The film begins with an abstract shot of lights moving across the screen to the hopeful bop of “Late in the Evening.” As the song continues, the verses describing the singer's lifelong fixation on music are animated with flashbacks. All restage moments in Paul's life, first as a small boy singing and plunking at a toy piano in his room,
*
then as a teenage greaser singing doo-wop with his friends in a tiled subway station, then as a long-haired protest singer playing at a 1968 rally for presidential candidate Eugene McCarthy. The lights on the screen are revealed as an airplane descends into the Cleveland airport, and the central action in the film picks up as Paul's character, Jonah Levin, and the four other musicians in his group move from the terminal gate to the city's famous Agora Ballroom nightclub, where they are booked to open for the rising (and real-life) new wave band the B-52s. The band goes over well, but the applause they get is no match for the shrill ovation the B-52s earn just by stepping onstage.

The band members drive from city to city to fulfill their gigs, but it's clear that the group, like the live music industry, is faltering. When a handful of shows get canceled, Jonah returns to New York to see his son, Matty, while also reconnecting with his not-quite-ex-wife Marion. She loves him but can no longer abide his life as a musician. They clearly love each other, and Jonah is just as clearly a warm and loving father to their five-year-old son, but his fixation on his career overwhelms everything else. When he learns that Walter Fox, the president of a large record label, is interested in signing him to make a new album, he makes tracks for Fox's office suite, where he finds the clearly Yetnikovian executive (“Fox” is the English translation of Yetnikoff's Yiddish nickname, Velvel) consulting with the unsubtly named Cal Van Damp, a dim but enormously successful commercial radio consultant.
†
Fox tells the musician that he'd be willing to pay for him to make a comeback album, but only if it's filled with songs slick and danceable enough to become hits. Given no alternatives, Jonah agrees, though the rest of the scene exists entirely to reveal how craven Fox, Van Damp, and the commercial music industry they represent have become.

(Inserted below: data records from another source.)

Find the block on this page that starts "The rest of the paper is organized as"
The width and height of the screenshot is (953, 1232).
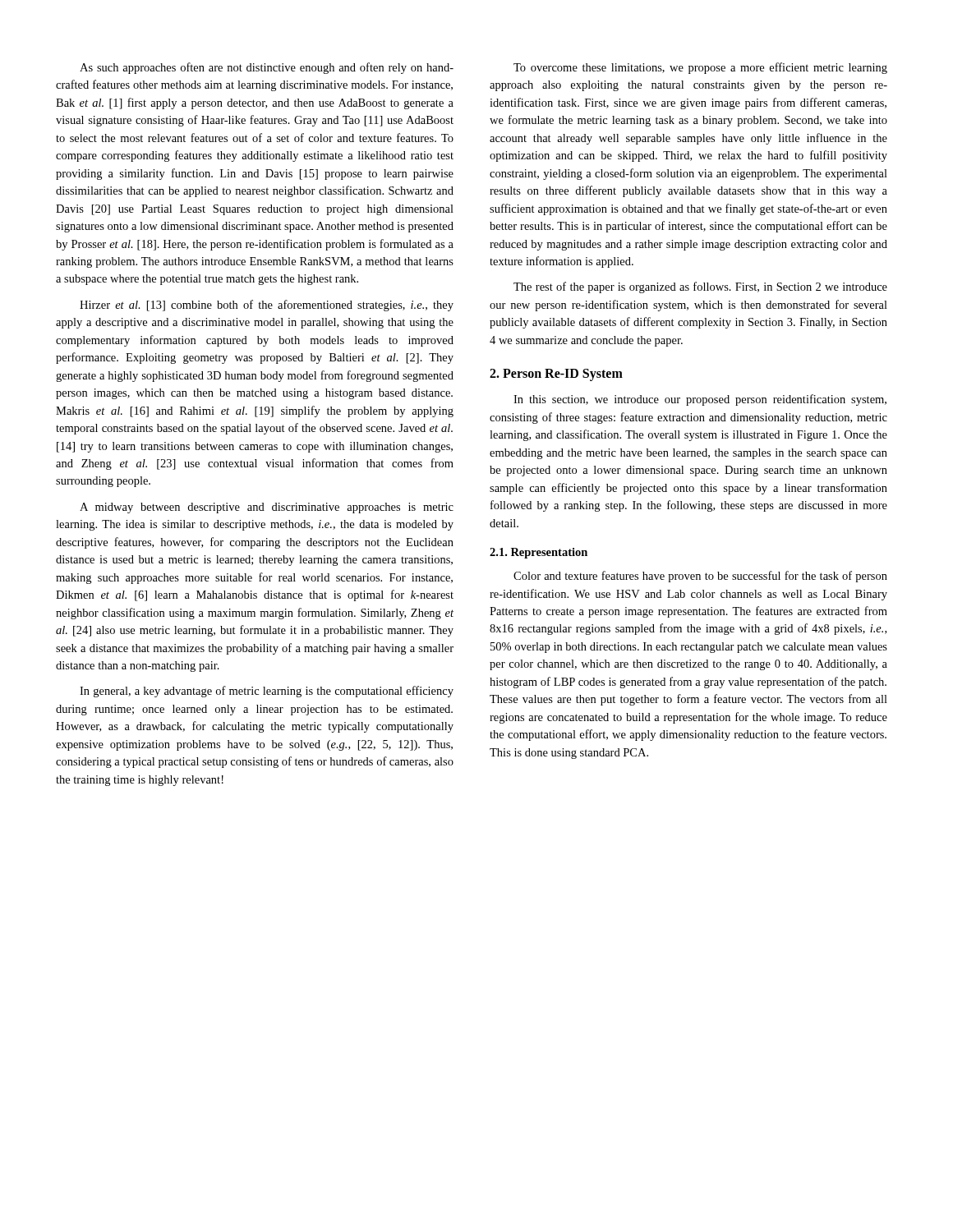[x=688, y=314]
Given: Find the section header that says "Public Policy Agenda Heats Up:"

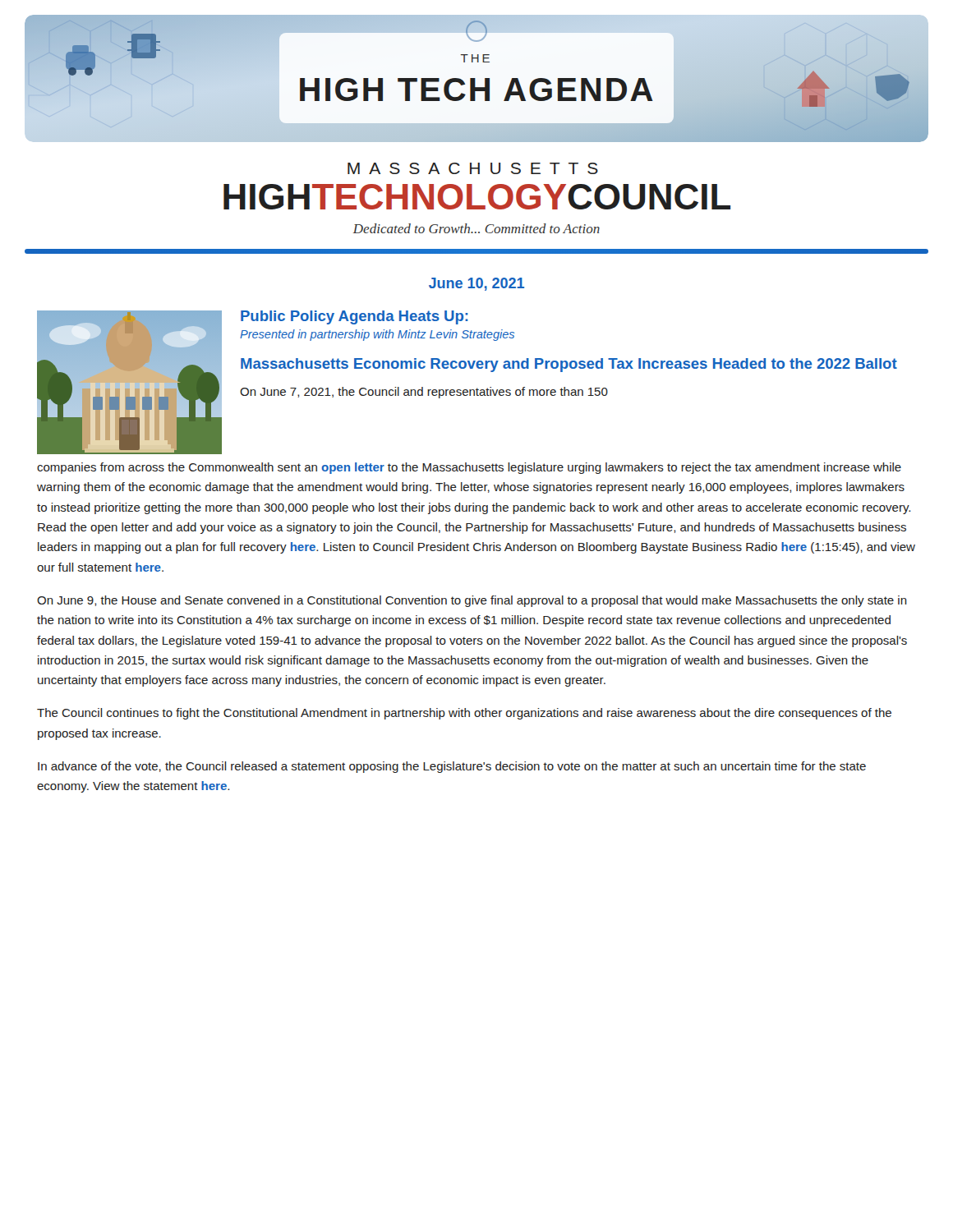Looking at the screenshot, I should [x=354, y=316].
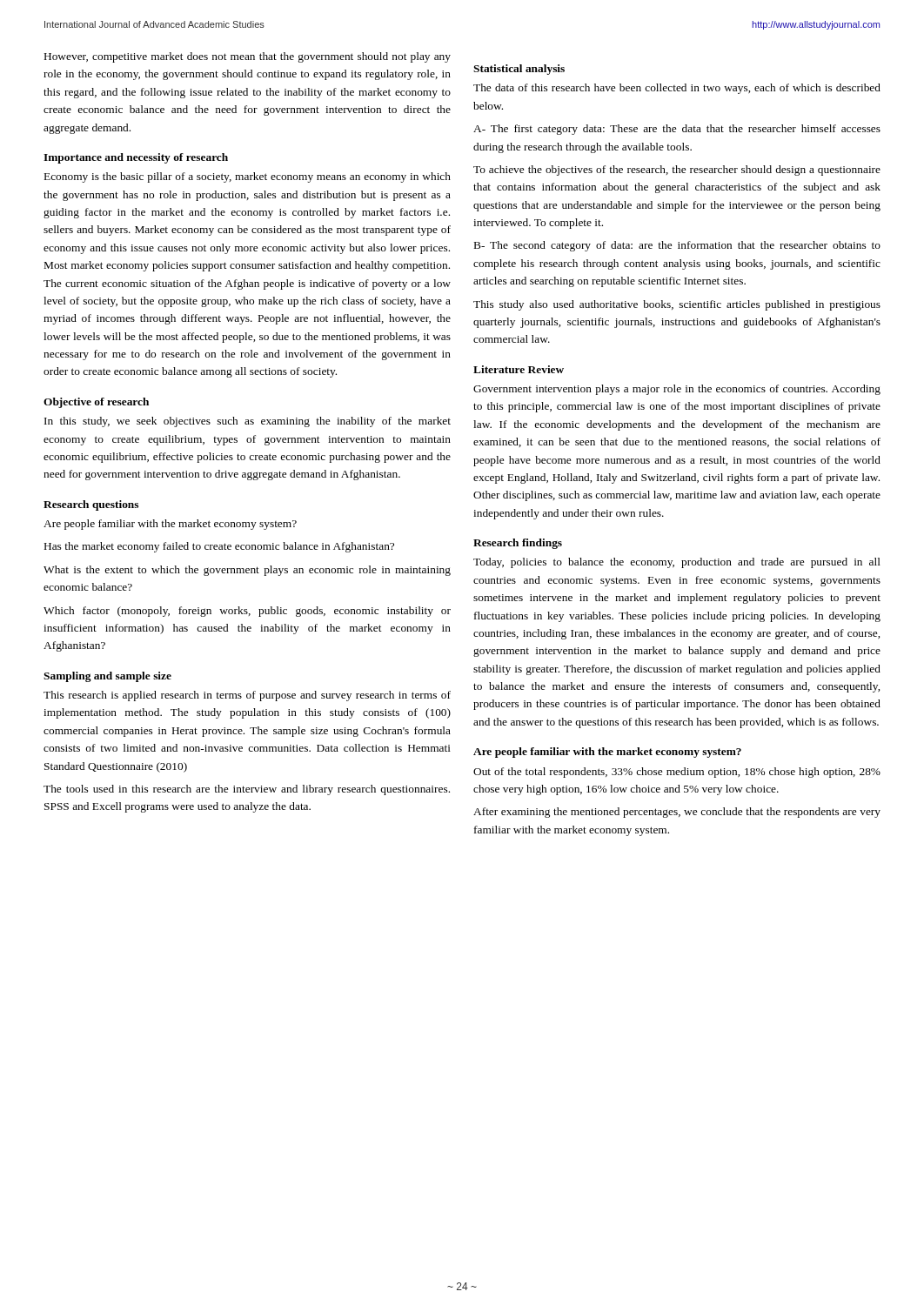
Task: Point to the text block starting "Economy is the basic pillar of a"
Action: click(247, 274)
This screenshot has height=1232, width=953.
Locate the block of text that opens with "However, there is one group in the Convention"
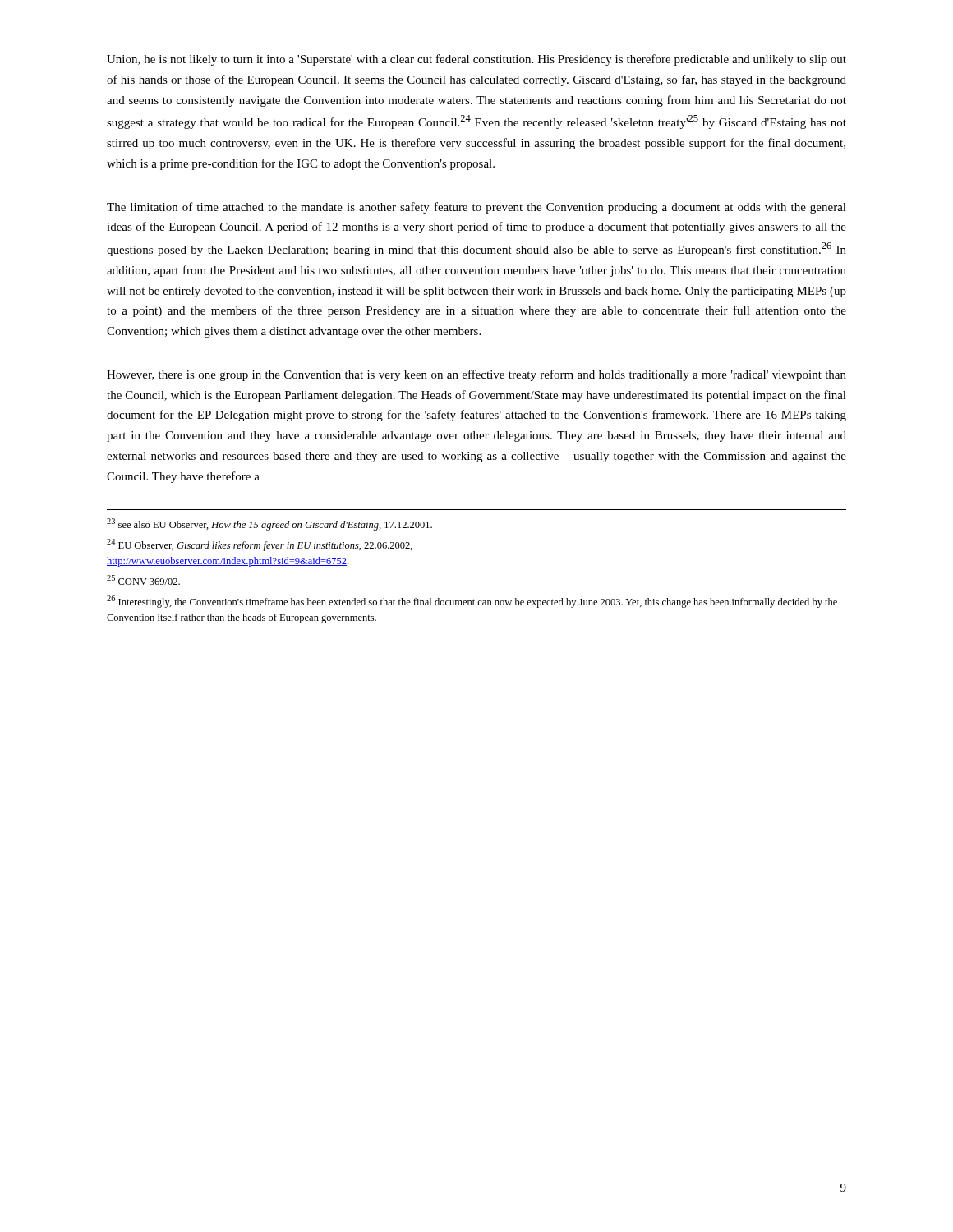tap(476, 425)
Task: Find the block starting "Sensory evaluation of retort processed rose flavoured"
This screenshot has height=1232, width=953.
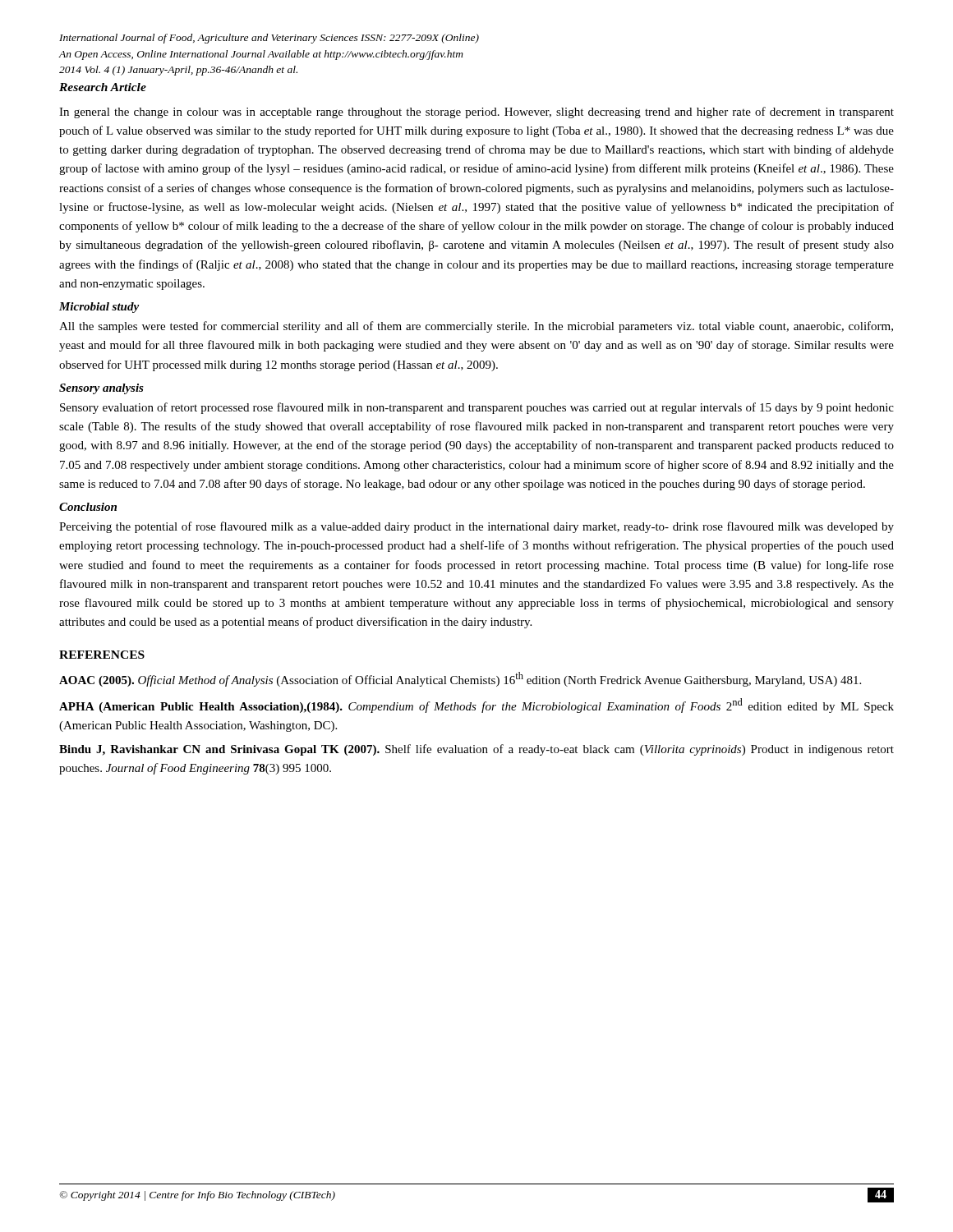Action: [476, 446]
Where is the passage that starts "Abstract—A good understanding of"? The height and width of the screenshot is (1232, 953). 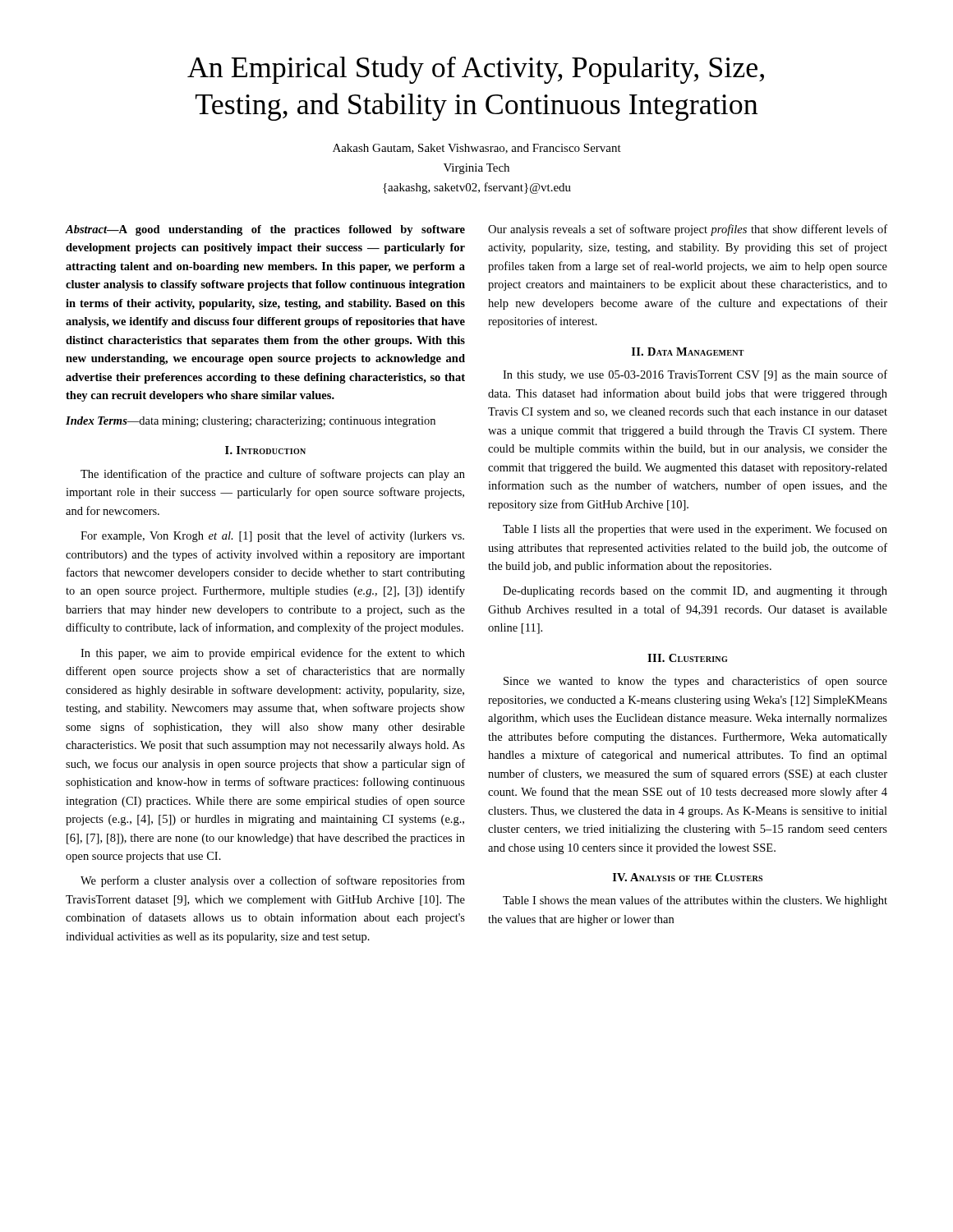(265, 325)

Fox sets Jonah up with a hot young pop music producer named Steve Kunelian (played by Lou Reed at his aggro-iciest), who wants Jonah to work with studio musicians rather than his own band; Jonah insists on using his guys. His manager calls to tell him that he's been invited to a high-paying industry showcase meant to create a touring market for oldies acts from the 1960s.
*
Jonah is wary of pandering to nostalgia, but he's in good company at the show—Sam and Dave rip the stuffing out of “Soul Man,” the Lovin' Spoonful perform a perfect “Do You Believe in Magic?”—and the audience is transfixed as Jonah plays his “Soft Parachutes,” the acoustic antiwar ballad that, like Paul's “The Sound of Silence,” became a definitive document of the 1960s. His appearance is a smash, and the music industry seems to be turning his way again.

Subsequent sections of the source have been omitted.